I have to agree with you that wiki methodology adoption depends heavily on
companies' (organization) culture, but so is anything else. 


Though the question of "How to document a large system" - is too 
general to answer , I still see wikis as very powerful method to accumulate
and maintain knowledge in any large dynamic organization. I am currently
working for company which quite successfully maintains the wiki pages at
intranet site. 




-----Original Message-----
From: Clendon Gibson [mailto:[EMAIL PROTECTED] 
Sent: Tuesday, November 06, 2007 10:10 PM
To: Boris Ouretskey
Subject: Re: PPIG discuss: Documentation for large systems

Wikipedia and indeed other wikis are successful and useful, but the most
successful ones are voluntary. Wikipedia is no exception to this. People are
creating Wikipedia articles for there amusement or entertainment. 

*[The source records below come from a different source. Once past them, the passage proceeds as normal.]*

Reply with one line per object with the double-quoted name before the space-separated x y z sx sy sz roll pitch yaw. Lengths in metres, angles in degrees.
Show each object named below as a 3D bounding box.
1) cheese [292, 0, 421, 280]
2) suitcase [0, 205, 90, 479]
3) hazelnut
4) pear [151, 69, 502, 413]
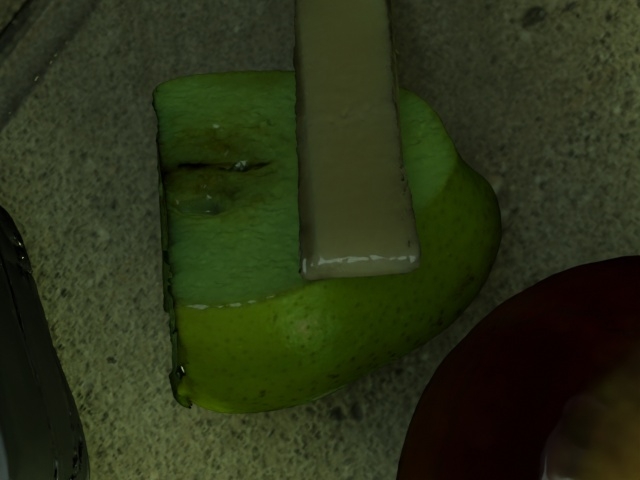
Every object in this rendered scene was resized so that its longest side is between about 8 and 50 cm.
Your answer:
"cheese" 0.020 -0.111 1.453 0.085 0.034 0.400 -9 40 5
"suitcase" -0.377 0.130 1.537 0.345 0.188 0.339 -22 71 8
"hazelnut" 0.209 0.216 1.286 0.359 0.359 0.409 9 82 17
"pear" 0.000 0.000 1.467 0.292 0.159 0.292 -6 41 6

In a development environment the motivation is different. It is very likely
that the Wiki will be neglected because the knowledgeable have 'real' work
to do.

This reminds me of the discussion we had several months ago about using
different development methods for open source projects vs. commercial
projects.

The use of a wiki as a documentation solution has to fit the culture of the
users or developers. 

----- Original Message ----
From: Boris Ouretskey <[EMAIL PROTECTED]>
To: Michael Kцlling <[EMAIL PROTECTED]>; discuss@ppig.org
Sent: Tuesday, November 6, 2007 1:25:31 PM
Subject: RE: PPIG discuss: Documentation for large systems


You are welcome to visit www.wikipedia.org and convince yourself that
 is far
away from being myth.

-----Original Message-----
From: [EMAIL PROTECTED] [mailto:[EMAIL PROTECTED] On Behalf
 Of
Michael Kцlling
Sent: Tuesday, November 06, 2007 9:16 PM
To: discuss@ppig.org
Subject: Re: PPIG discuss: Documentation for large systems

On 6 Nov 2007, at 18:53, Boris Ouretskey wrote:

> Anyway to document large system it is obligatory to use wiki pages  
> (and a lot of time of cause) and give all the company an opportunity
  
> to participate in the process.

Wiki? Obligatory??

I don't believe in wikis at all. I know there is (still) a lot of hype
  
around them, but I think it is a complete myth that they work. There  
is somehow the wishful thinking that the documents (documentation, in  
this case) write themselves. The hive-mind will fix it. "The  
community" (or "all the company") will write it.

The result, much more often than not in my experience, is a document  
that nobody takes responsibility for, that has very weak overall  
structure, and random level of detail over various parts. No guarantee
  
that important information is represented appropriately at all.

I'd like to know who to kick if the document sucks.